Does anyone know what venom potency Heterometrus petersii have? Is it a 2?
What is their common name? Please reply ASAP!


----------



## Arachnophilist (Mar 5, 2007)

Research man.. all this stuff is easy to find with search functions and google.. and there are several forums which have info on inverts..

Reactions: Dislike 2 | Agree 2 | Disagree 1


----------



## Emp. scorpion (Mar 5, 2007)

I've been searching for info. on the Heterometrus petersii (a type of forest scorpion) and cannot find hardly anything. Thats why I came to this forum.

Again, does anyone know what venom potency Heterometrus petersii have? Is it a 2? What is their common name? Please reply ASAP!

Reactions: Like 1


----------



## H. cyaneus (Mar 5, 2007)

If looking for info on Heterometrus species, it's probably safe just to use a H. spinfer care sheet. A H. petersii venom is probably a 2 at max. They generally pinch instead of sting though.

Mike


----------



## Emp. scorpion (Mar 5, 2007)

I really would like to know exactlly what the venom potency is and the common name. Please reply ASAP if you have any information, links, websites, etc. about this scorpion!
Thanks
PS: I already know how to care for Heterometrus species, but I want to know specifically about the Heterometrus petersii.


----------



## H. cyaneus (Mar 5, 2007)

H. petesii isn't a very common scorpion. If you know the scientific name, you're set. No need for the common name really. The venom will hurt for a bit, but will not send you to the hospital unless you're allergic or have some sort of reaction to it.

Mike


----------



## Bigboy (Mar 5, 2007)

Emp. scorpion said:


> I really would like to know exactlly what the venom potency is and the common name. Please reply ASAP if you have any information, links, websites, etc. about this scorpion!
> Thanks
> PS: I already know how to care for Heterometrus species, but I want to know specifically about the Heterometrus petersii.

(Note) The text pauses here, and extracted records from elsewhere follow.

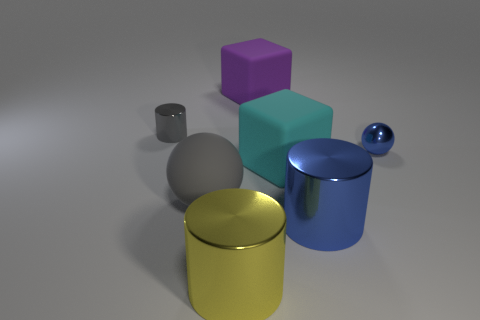Add 3 small gray rubber cylinders. How many objects exist? 10 Subtract all cylinders. How many objects are left? 4 Add 1 big purple things. How many big purple things are left? 2 Add 3 shiny blocks. How many shiny blocks exist? 3 Subtract 1 purple blocks. How many objects are left? 6 Subtract all big cyan blocks. Subtract all big blocks. How many objects are left? 4 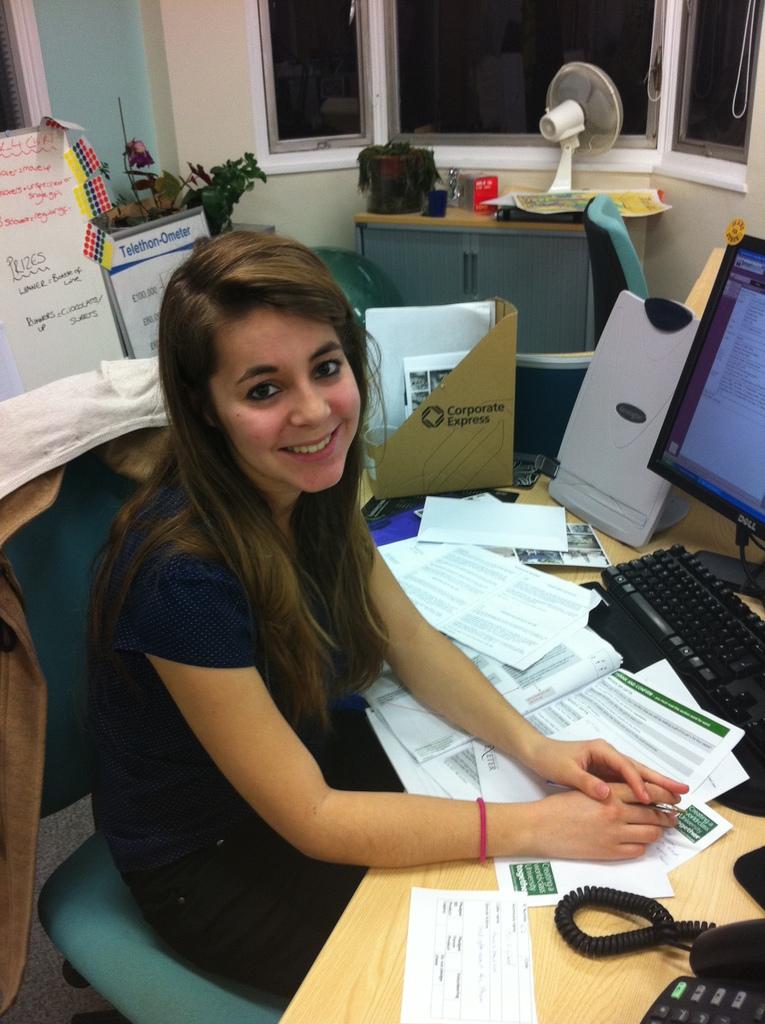What brand is the computer monitor?
Keep it short and to the point. Dell. What type of pc is he using?
Provide a short and direct response. Dell. 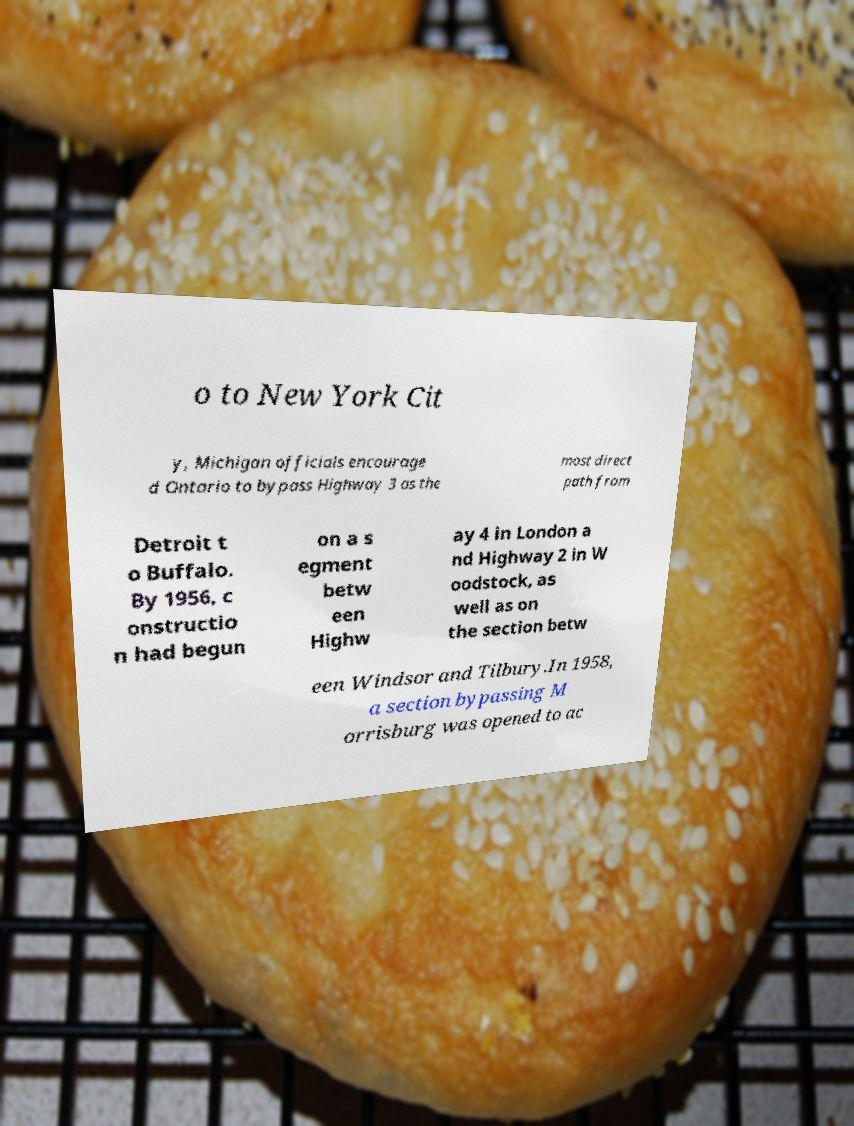Could you extract and type out the text from this image? o to New York Cit y, Michigan officials encourage d Ontario to bypass Highway 3 as the most direct path from Detroit t o Buffalo. By 1956, c onstructio n had begun on a s egment betw een Highw ay 4 in London a nd Highway 2 in W oodstock, as well as on the section betw een Windsor and Tilbury.In 1958, a section bypassing M orrisburg was opened to ac

If you really need to know badly then go to you local library, use internet resources other than spamming on this site, and contact your local university.  There is no reason to keep posting the same thing over and over like an impatient child.
If you are asking this because you just received one then treat it like any other member of its genus until you find information that says otherwise.
Why do you even want a common name, look at a picture and describe it and you have a common name.  Off the top of my head I can almost guarantee that somewhere they're called forest scorpions, or black scorpions, or even emperor scorpions by some mistaken pet shops.  Potency on that entire genus is nothing to freak out about.  I cannot tell you what it is exactly but 2 is a pretty damn good guess.  Not even worth mentioning as far as medical significance goes.  Try the link at the bottom of this page:
http://www.arachnoboards.com/ab/showthread.php?t=77160
I won't do anymore than that for you right now, I am a bit frustrated.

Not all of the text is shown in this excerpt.